Власов сел, улыбнулся — под дужками очков собрались крупные морщины.
— Не будем ссориться. Ты и тогда, в Ялте, был кипяток. Помнишь, как на меня набросился за то, что я твоей жене букет преподнес. Я к тебе с серьезным предложением…
— Что вам от меня надо?
— Пойдешь ко мне служить?
— Куда это — «ко мне»?
— Я организую русскую освободительную армию. Должность обещаю хорошую. Ты мне еще в Ялте понравился. Хочу тебя от смерти спасти…
— Идите к черту.
Власов подошел к двери. Ему подали папку.
— Не торопись. Еще поговорим… Посмотри.
Подал Орлову папку.
— Лучше смотри…
Орлов ждал чего угодно, но только не того, что он увидел, — перед ним был его портрет в немецкой форме.
— Ну как? — ехидно спросил Власов. — Неплохо? Дальше смотри.
Под вторым снимком стояла подпись:
«Советский офицер Алексей Орлов беседует с генералом Трухиным».
Власов победоносно смотрел на Орлова.
— Что скажешь?
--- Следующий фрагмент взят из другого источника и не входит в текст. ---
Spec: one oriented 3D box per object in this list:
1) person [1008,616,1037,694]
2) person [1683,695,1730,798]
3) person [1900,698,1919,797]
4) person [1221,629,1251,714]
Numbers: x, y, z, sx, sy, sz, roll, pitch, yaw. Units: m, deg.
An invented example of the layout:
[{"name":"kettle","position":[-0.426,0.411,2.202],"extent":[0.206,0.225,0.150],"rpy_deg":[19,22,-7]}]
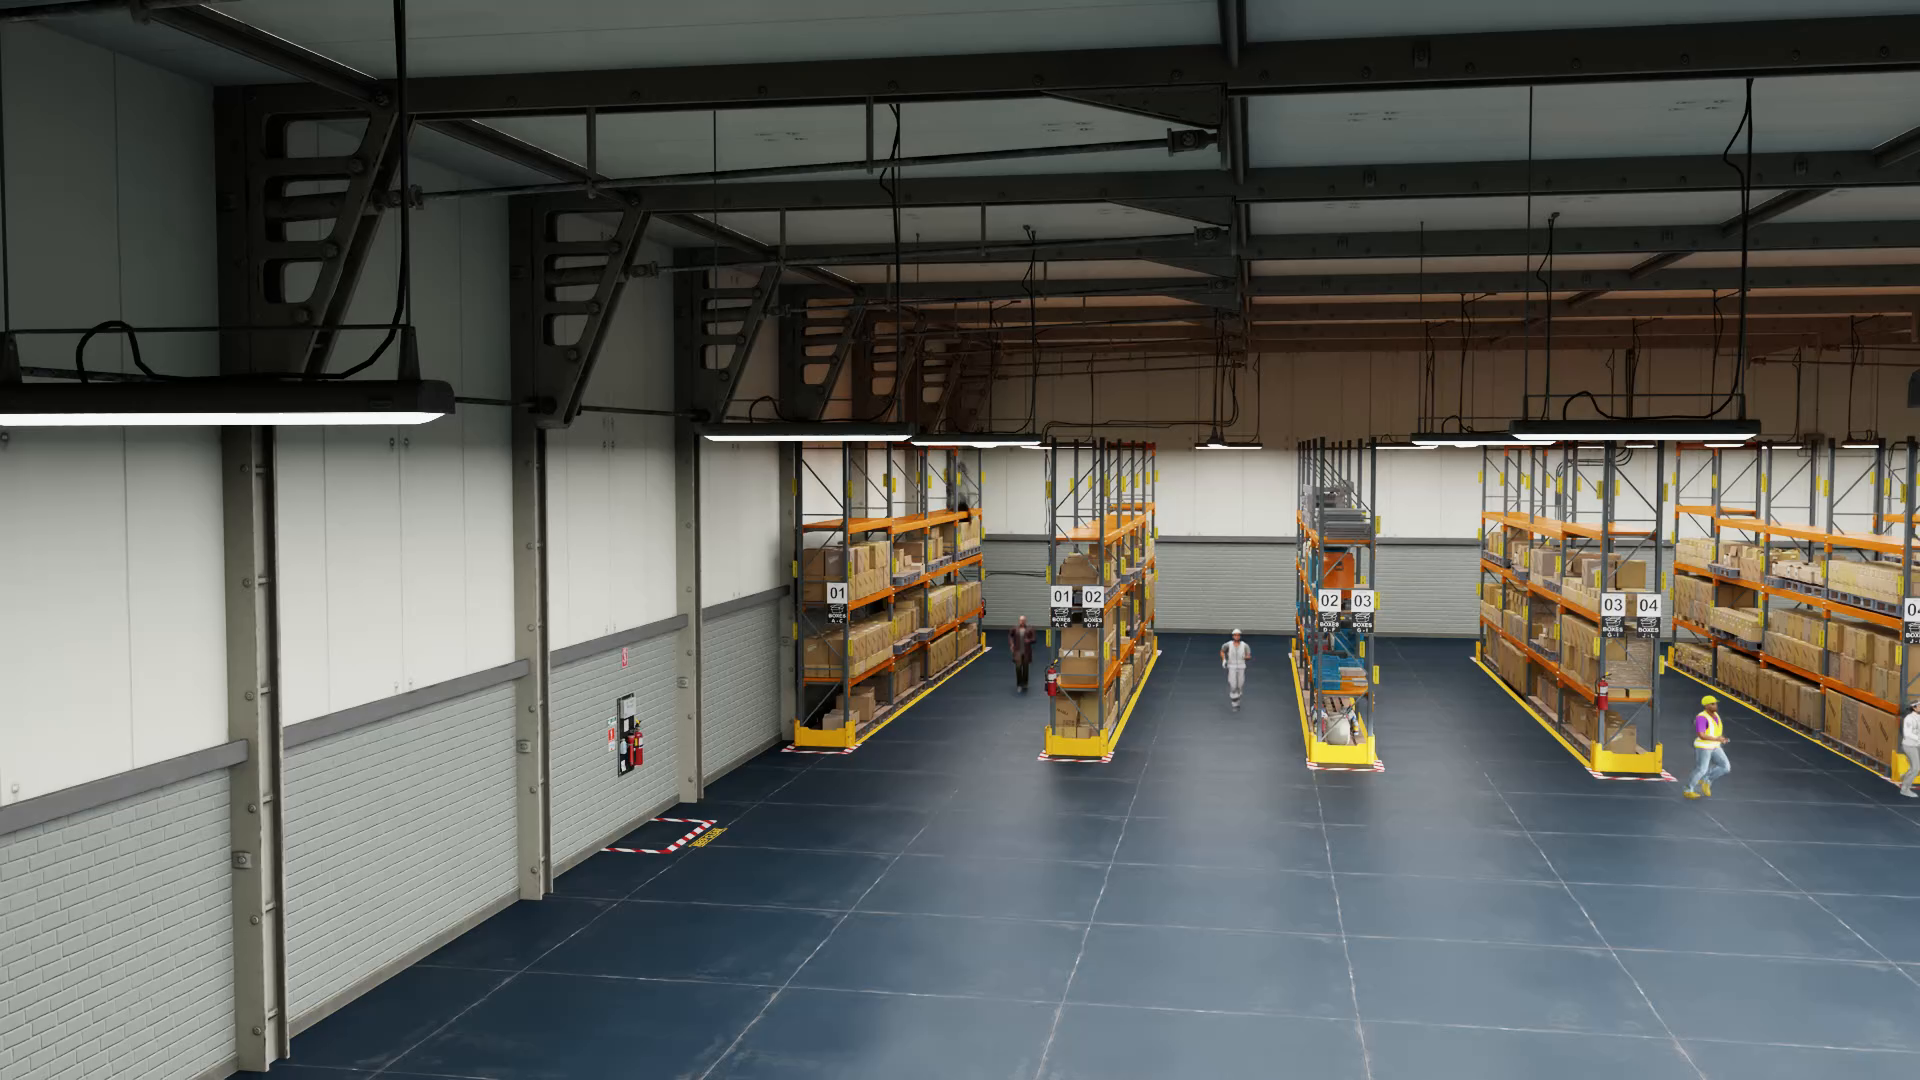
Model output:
[{"name":"person","position":[1.495,2.723,39.780],"extent":[0.694,1.823,0.876],"rpy_deg":[0,3,3]},{"name":"person","position":[12.306,3.395,27.280],"extent":[0.723,1.714,0.796],"rpy_deg":[-2,4,-33]},{"name":"person","position":[15.924,3.437,27.661],"extent":[0.662,1.660,0.575],"rpy_deg":[-2,4,-32]},{"name":"person","position":[6.107,2.875,36.733],"extent":[0.640,1.824,0.814],"rpy_deg":[0,3,2]}]

Еще смотри…
Орлов вслух прочел подпись под третьим снимком:
«Алексей Орлов после принятия присяги вождю всех освободительных армий мира Адольфу Гитлеру беседует с генералом Власовым. «Я отдам все мои силы для борьбы с коммунизмом», — заявил этот храбрый русский офицер».
— Ну?
— Хорошие мастера… Сами разжились или Кальтенбруннер подкинул? А что это? Еще?
— Читай, читай!
В конверте лежала листовка «Русским солдатам».
«Я, русский офицер Орлов, обращаюсь к вам, друзья, со словами правды…»
— Клинч умер бы от зависти.
Власов настороженно посмотрел на Орлова.
— Какой Клинч?
— Художник есть такой. Специалист по фотомонтажам. Часто в «Крокодиле» печатается. Так вот он, посмотрев эти шедевры, умер бы от зависти. Ловко, сволочи, делают…
— Сообразил, Алексей Иванович, что к чему?
— Догадался.
— Ты теперь для большевиков человек конченый.
— Вы уверены?
— Давай ближе к делу. Выбор у тебя, Алексей Иванович, небольшой: обратного хода у тебя нет, если даже убежишь, что весьма трудно, тебя советские повесят на первой осине. Или ко мне, или в могилу.
— Расстреляете или как? Может, живым сожжете?